Until now, virtual machines (VMs) have been a core technology for optimising infrastructure resources. However, digital transformation is creating enormous data loads, and the requirement for business applications to run faster than ever before is driving a shift towards containerisation.

VMs have historically been used to running what seems like multiple computers, potentially with different operating systems on the hardware of a single physical server. In order to gain scale, VMs require significant CPU and memory to run efficiently.

They also have a complex software development lifecycle because of the implementation of virtual copies and the resources needed to manage them. This can make designing solutions that embrace hybrid clouds challenging.

Containerisation resolves many of these challenges because it provides one single platform that lets developers run multiple applications with the shared portion of the operating system being read-only. Containerisation is based on standardised software units (containers) that encompass all code and dependencies, such as binaries, libraries, and configuration files, for an application to run.

Containerised software is highly reliable because it can work across multiple computing and cloud environments. This makes containers lightweight so that multiple containers can be deployed on a single server. It resolves the need to dedicate an entire server to a single application.

Containerisation is a rapidly growing solution because it lets organisations scale much faster and more easily without the need for more server space. A best-in-class containerisation solution lets developers build, automate, and secure cloud-native applications with the flexibility to run on any kubernetes distribution, any cloud, or any on-premise infrastructure.
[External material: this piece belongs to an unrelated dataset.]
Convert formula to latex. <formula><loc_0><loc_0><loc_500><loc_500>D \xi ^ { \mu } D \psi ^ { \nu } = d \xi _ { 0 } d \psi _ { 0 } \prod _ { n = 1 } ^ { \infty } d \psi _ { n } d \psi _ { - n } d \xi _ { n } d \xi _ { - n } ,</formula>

Not only does this save development time and costs, but it also lets organisations scale more quickly and efficiently as business needs change. Using containers-as-a-service (CaaS) helps developers build, deploy, and update business applications more quickly through the agility and portability of software containers.

Container orchestration gives developers the agility of a public cloud to provision, configure, deploy and manage containers at scale, with the reliability and security of on-premises infrastructure.
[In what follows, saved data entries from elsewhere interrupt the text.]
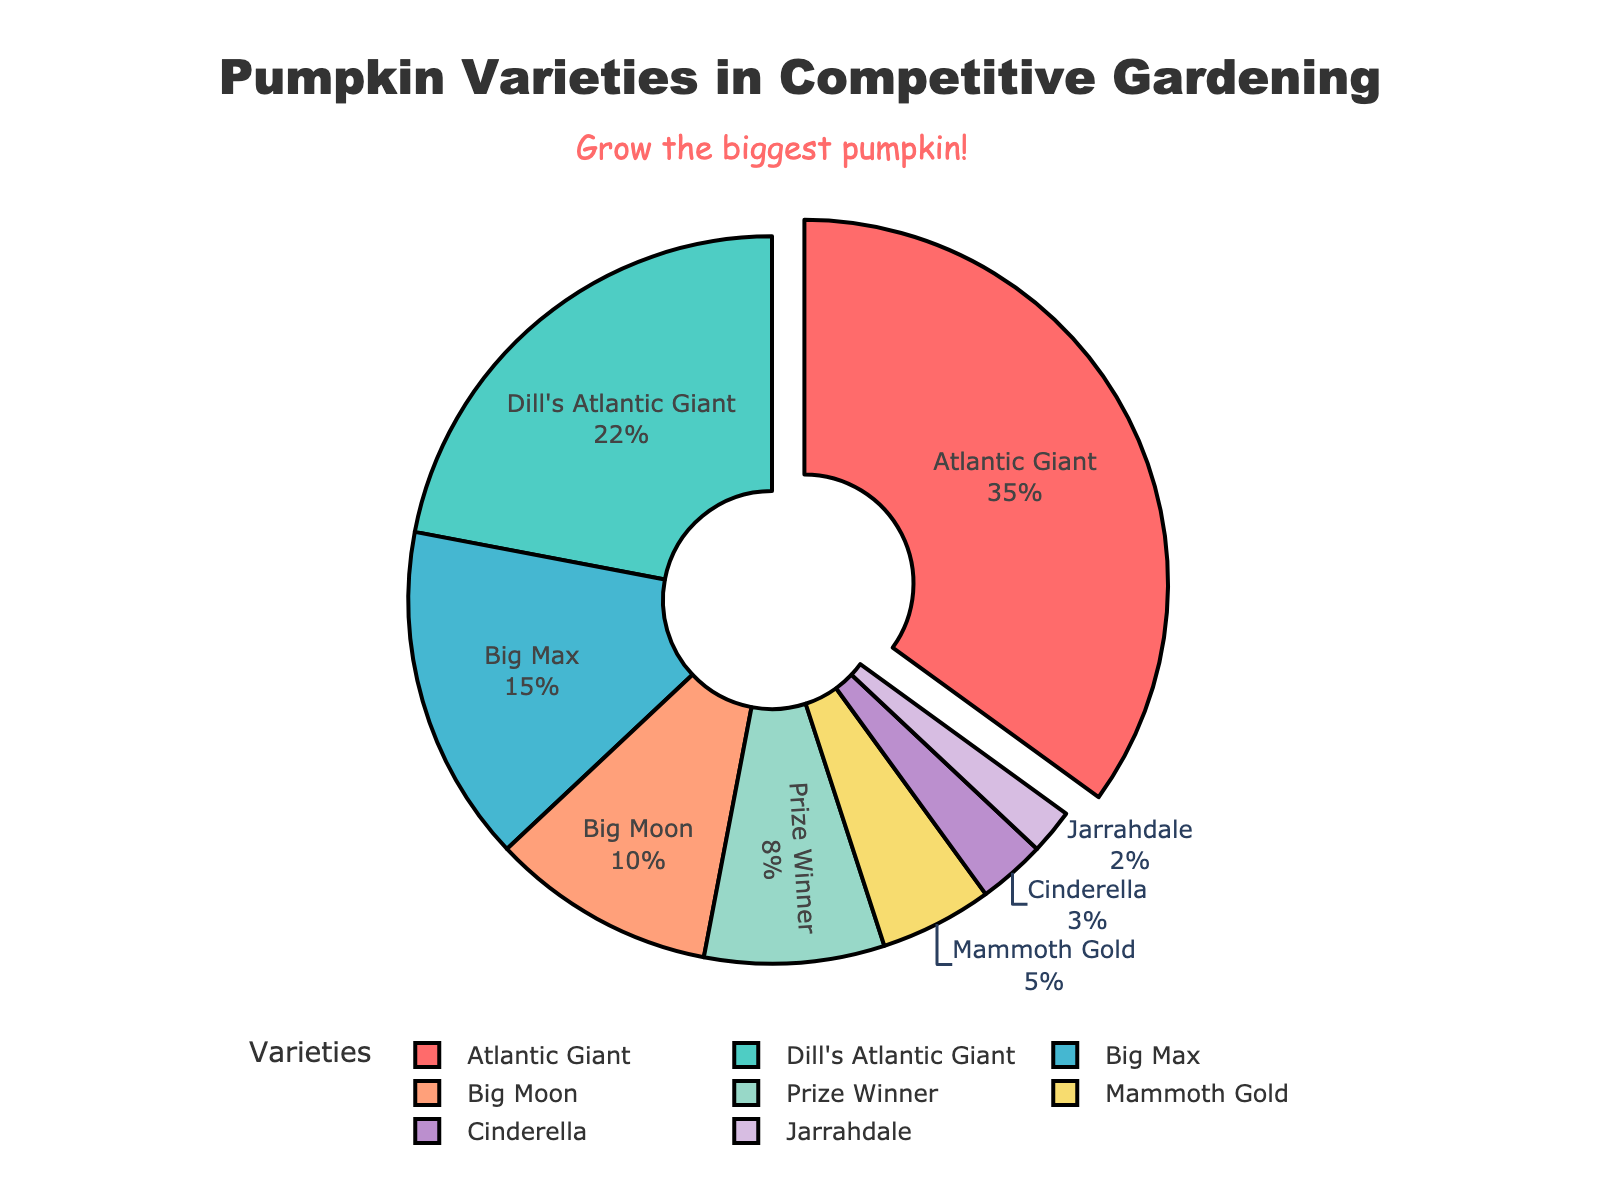What percentage of pumpkin varieties is accounted for by Atlantic Giant and Big Moon combined? Add the percentage of Atlantic Giant (35%) and Big Moon (10%). So, 35 + 10 = 45%
Answer: 45% Which variety has the highest percentage? The pie chart shows the variety with the largest slice and label text indicating the highest percentage. Here, it is Atlantic Giant with 35%.
Answer: Atlantic Giant What is the difference in percentage between Dill's Atlantic Giant and Mammoth Gold? Subtract the percentage of Mammoth Gold (5%) from Dill's Atlantic Giant (22%). So, 22 - 5 = 17%
Answer: 17% Which variety occupies the smallest percentage? The pie chart shows the smallest slice with the label "Jarrahdale" indicating 2%, which is the smallest percentage.
Answer: Jarrahdale Are there more Cinderella or Prize Winner pumpkins, and by how much? Compare the percentages: Prize Winner has 8% while Cinderella has 3%. The difference is 8 - 3 = 5%.
Answer: Prize Winner by 5% What percentage of the varieties consists of Big Max and Prize Winner together? Add the percentages of Big Max (15%) and Prize Winner (8%). So, 15 + 8 = 23%
Answer: 23% How much more is the percentage of Big Max compared to Cinderella? Subtract the percentage of Cinderella (3%) from Big Max (15%). So, 15 - 3 = 12%
Answer: 12% Which slice is colored red and what variety does it represent? The pie chart's legend shows that the slice colored red represents the "Atlantic Giant" variety.
Answer: Atlantic Giant Do Atlantic Giant and Dill's Atlantic Giant combined make up more than half of the pie chart? Add the percentages of Atlantic Giant (35%) and Dill's Atlantic Giant (22%). So, 35 + 22 = 57%. Then compare to 50%.
Answer: Yes, 57% What is the second most common pumpkin variety in this distribution? The pie chart shows that Dill's Atlantic Giant, with 22%, is the second-largest slice.
Answer: Dill's Atlantic Giant

The key benefits of containerisation for businesses include:

●        Developers are empowered to build and update business applications much faster and with higher reliability while maintaining security and data protection
●        Business agility is increased through a greater ability to scale at speed
●        Automated kubernetes data protection protects containerised applications with optimised cloud-native disaster recovery and backups for all kubernetes workloads.

The data explosion and rapid growth of kubernetes makes it more challenging for organisations to use existing enterprise storage and data protection solutions, as well as virtual machines, to secure and operate business applications.

Seismic shifts in the business environment during the past two years have necessitated a next-generation solution that supports greater levels of business agility while mitigating risks and achieving better cost efficiencies. Containerisation meets this need for organisations no matter the size of the business or IT architecture. While there will always be a place for VMs, containerisation will increasingly become the heart of cloud-native applications in the very near future.